MINNEAPOLIS, MINNESOTA - MAY 29: A man raises his fist in front of a burning building during protests sparked by the death of George Floyd while in police custody on May 29, 2020 in Minneapolis, Minnesota. Earlier today, former Minneapolis police officer Derek Chauvin was taken into custody for Floyd's death. Chauvin has been accused of kneeling on Floyd's neck as he pleaded with him about not being able to breathe. Floyd was pronounced dead a short while later. Chauvin and 3 other officers, who were involved in the arrest, were fired from the police department after a video of the arrest was circulated.

“We dreamed of utopia but woke up screaming,” read a piece of insurrectionist graffiti on a boarded-up Minneapolis storefront as fires and anger raged over the police killing of George Floyd.

The phrase is redolent of those used during the May 1968 uprisings in Paris that nearly toppled France’s government at the time. But American authorities insist the rebellion in Minneapolis and St. Paul is almost entirely the work of so-called “outside agitators.”

The claims have been made by Republican Attorney General Bill Barr as well as the following high-profile Democrats: Minnesota Governor Tim Walz, Minneapolis Mayor Jacob Frey and St. Paul Mayor Melvin Carter III.

Arrest records suggest those claims may be false.

“I think our best estimate of what we heard are about 20 percent are Minnesotans, and 80 percent are outside,” Walz said during press conference on Saturday morning.

“I want to be very, very clear: The people that are doing this are not Minneapolis residents,” Frey insisted with certainty. “They are coming in largely from outside of the city, from outside of the region, to prey on everything we have built over the last several decades.”

“Because we had a relative stillness in St. Paul, we didn’t make an enormous number of arrests, but every single person we arrested last night, I’m told, was from out of state,” Carter said in a speech that was almost instantly repeated breathlessly across the internet and airwaves. “What we are seeing right now is a group of people who are not from here.”

Walz and Frey have not provided any evidence for their claims — which were largely repeated as gospel by many media outlets and politicians immediately after they were made. The two have also not indicated how they arrived at their conclusions and no such information is presently forthcoming.

Carter himself later flatly admitted to spreading false information:

The bipartisan officials’ claims were quickly scrutinized in some quarters:

The available data, at least as of now, does not bear those official allegations out.

Rather, Hennepin County, Minn. arrest records from Thursday, May 28 through Saturday, May 30 tell a different story.

Minneapolis/St. Paul investigative reporters Brandon Stahl, A.J. Lagoe, and Steve Eckert, all of whom are with the local NBC affiliate, KARE-TV, first surveyed those records and came to the conclusion that authorities had overstated the numbers and have perhaps overplayed their hand. Law&Crime reviewed many, but not all of those same arrest records, and those reviewed by Law&Crime indicate the underlying reporting is accurate.

Per that report:

KARE 11 found that of 36 cases, about 86 percent of those arrested listed Minnesota as their address.

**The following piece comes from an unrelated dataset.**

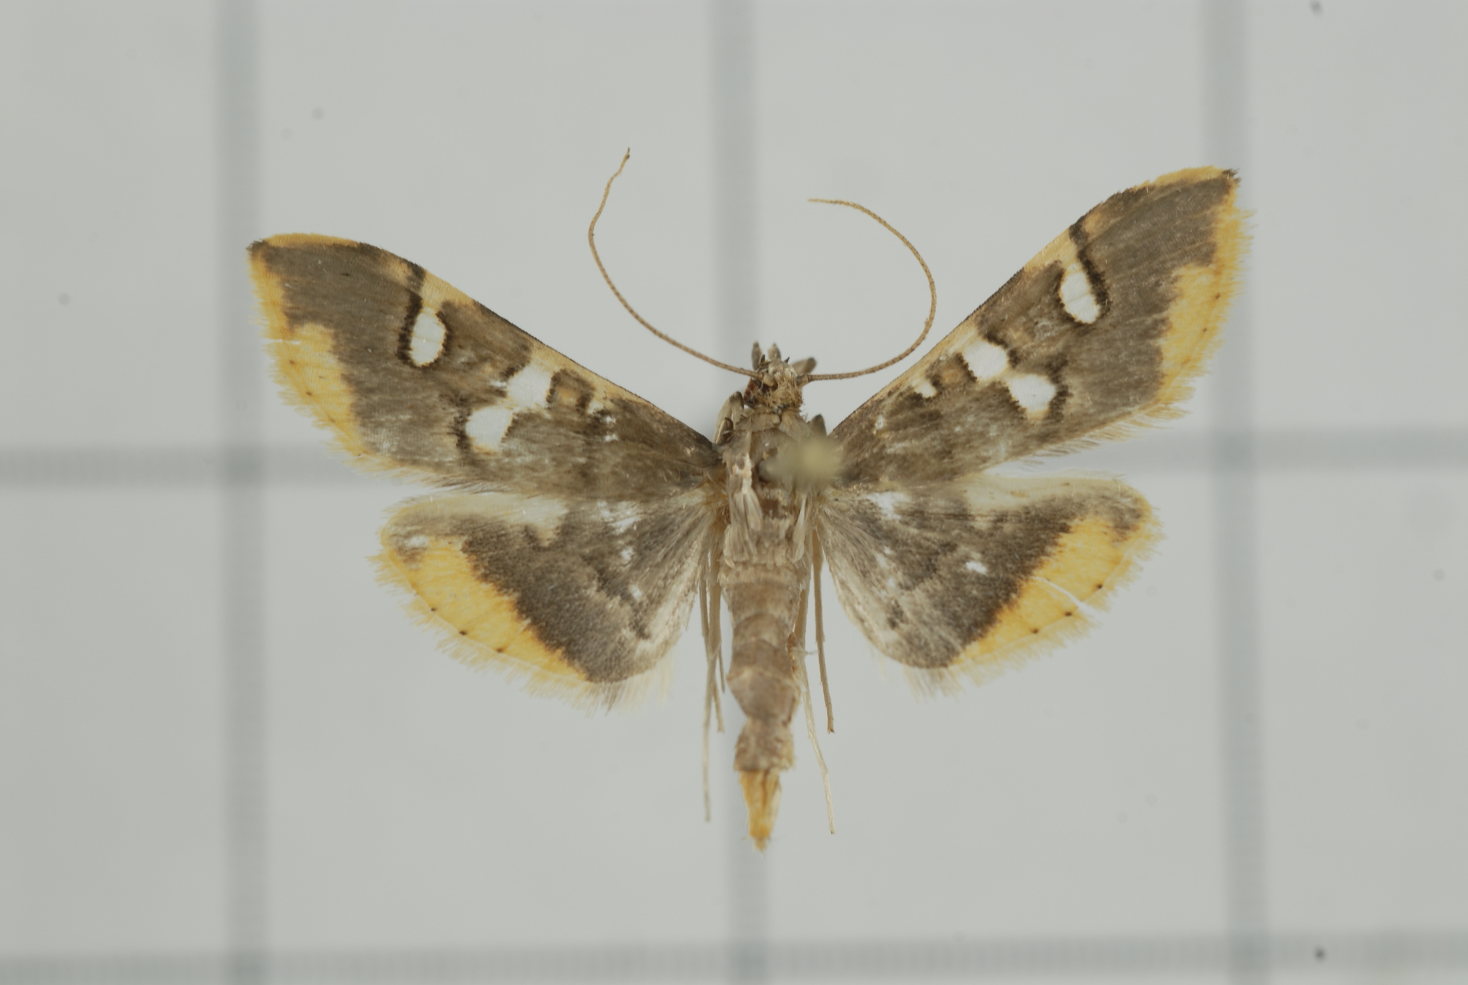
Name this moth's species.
Prophantis adusta
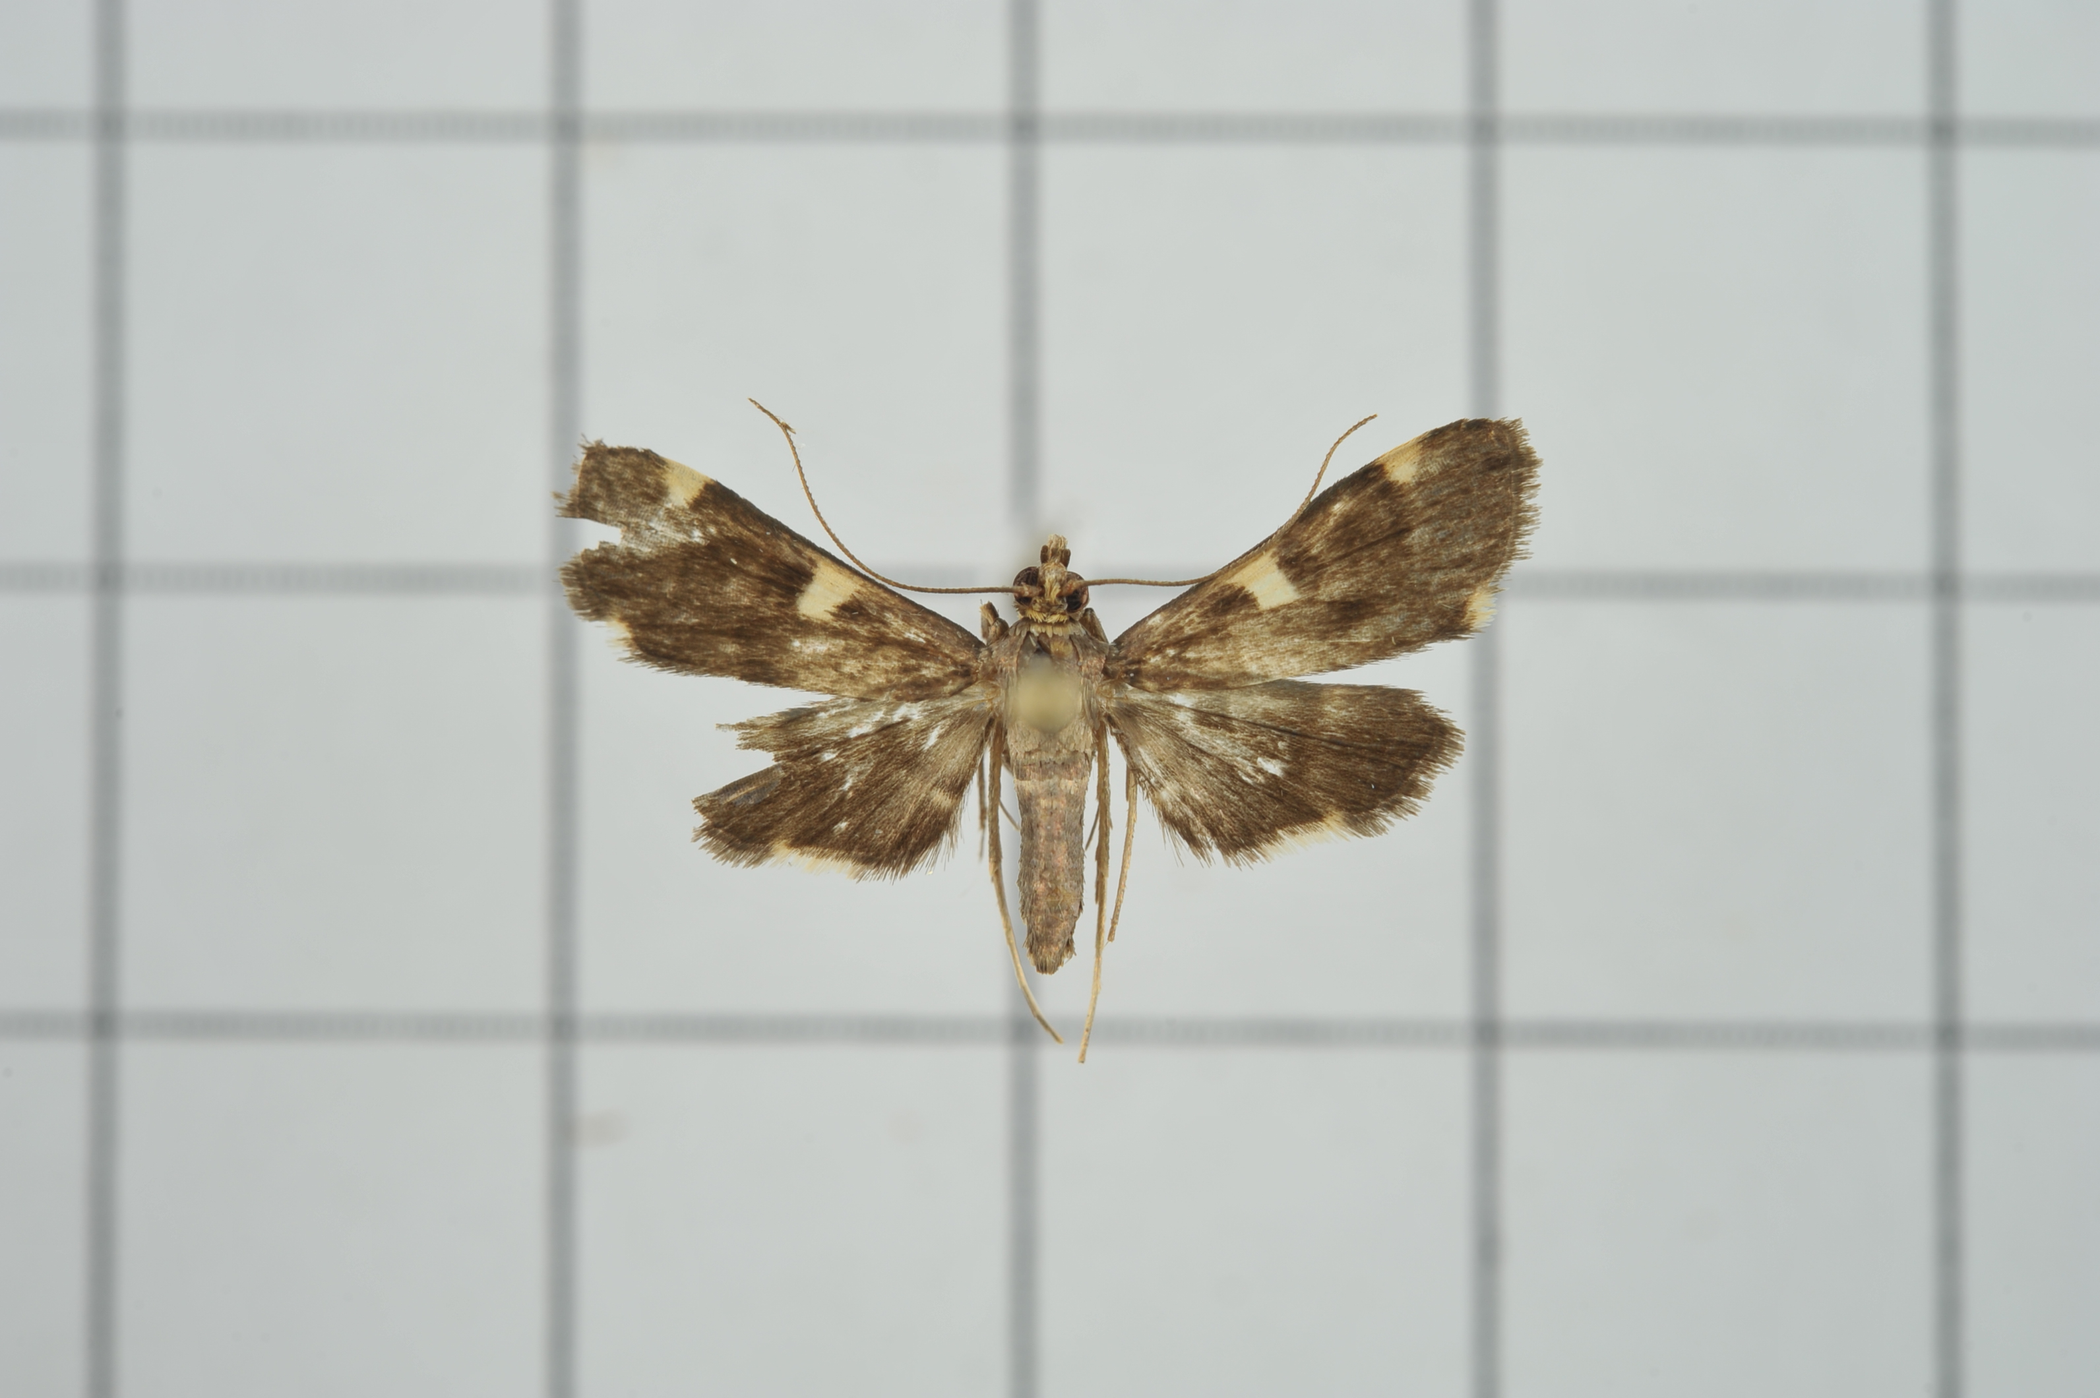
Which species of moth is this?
Piletocera aegimiusalis
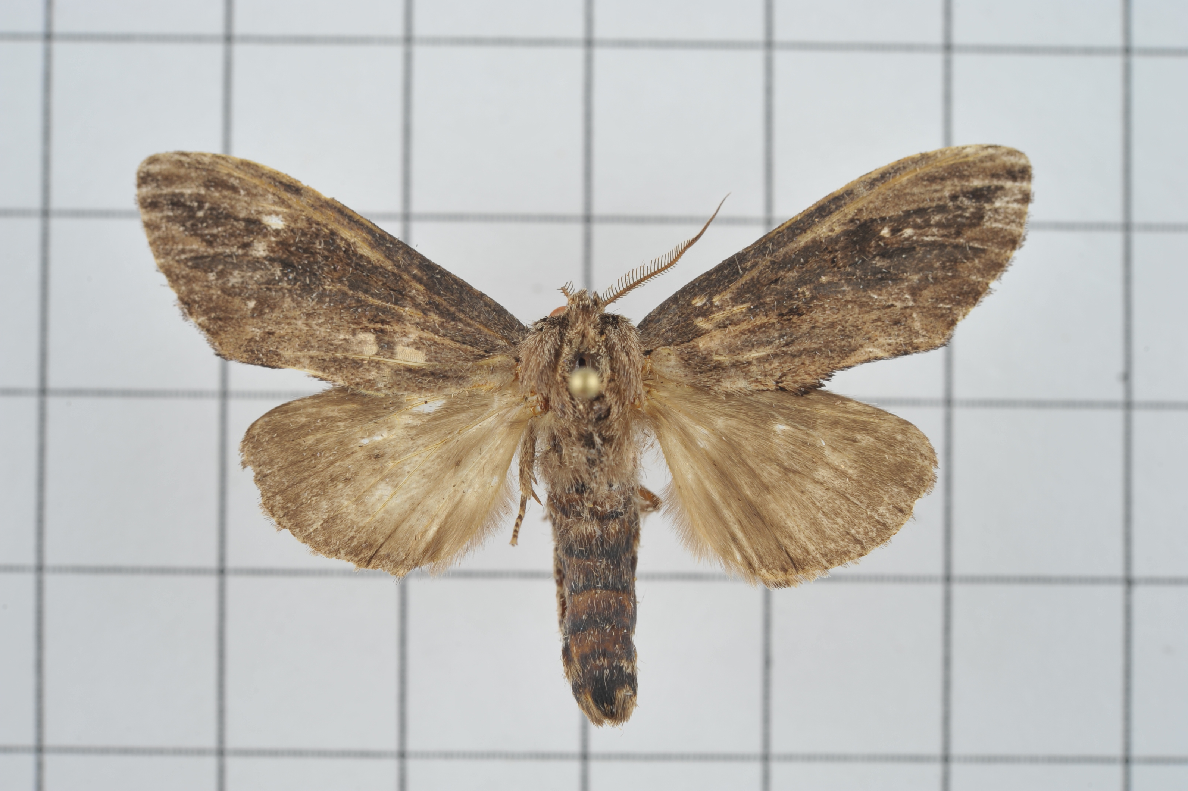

The data, taken from the Hennepin County Jail’s roster, shows that nearly all of the people arrested in likely connection to the riots live in Minneapolis or the metro area. The five cases from outside Minnesota were of people listed as living in Missouri, Florida, Arkansas, Michigan and Illinois.

The overwhelming majority of those counted as “received by jail” per those public records have listed addresses in Minnesota.

“Minnesota’s governor earlier today claimed 80% of Minneapolis protesters were from out of state,” confirmed New York Times investigative reporter Evan Hill. “County jail records show 81% of those arrested are Minnesota residents.

Some of the officials suggested approximately 80% of protesters were from out of state without directly referencing the numbers of people arrested.  While it is statistically possible that 80% of the arrests came from the pool of 20% of local citizens present, such claims seem dubious at first blush.

More data should emerge as events unfold.

The phrase “outside agitators” has a long and odious history in social movement discourse and government efforts to frustrate and dismiss protesters and their demands. Author Corey Pein noted several such instances in a lengthy thread on Twitter.

[Photo by Scott Olson/Getty Images.]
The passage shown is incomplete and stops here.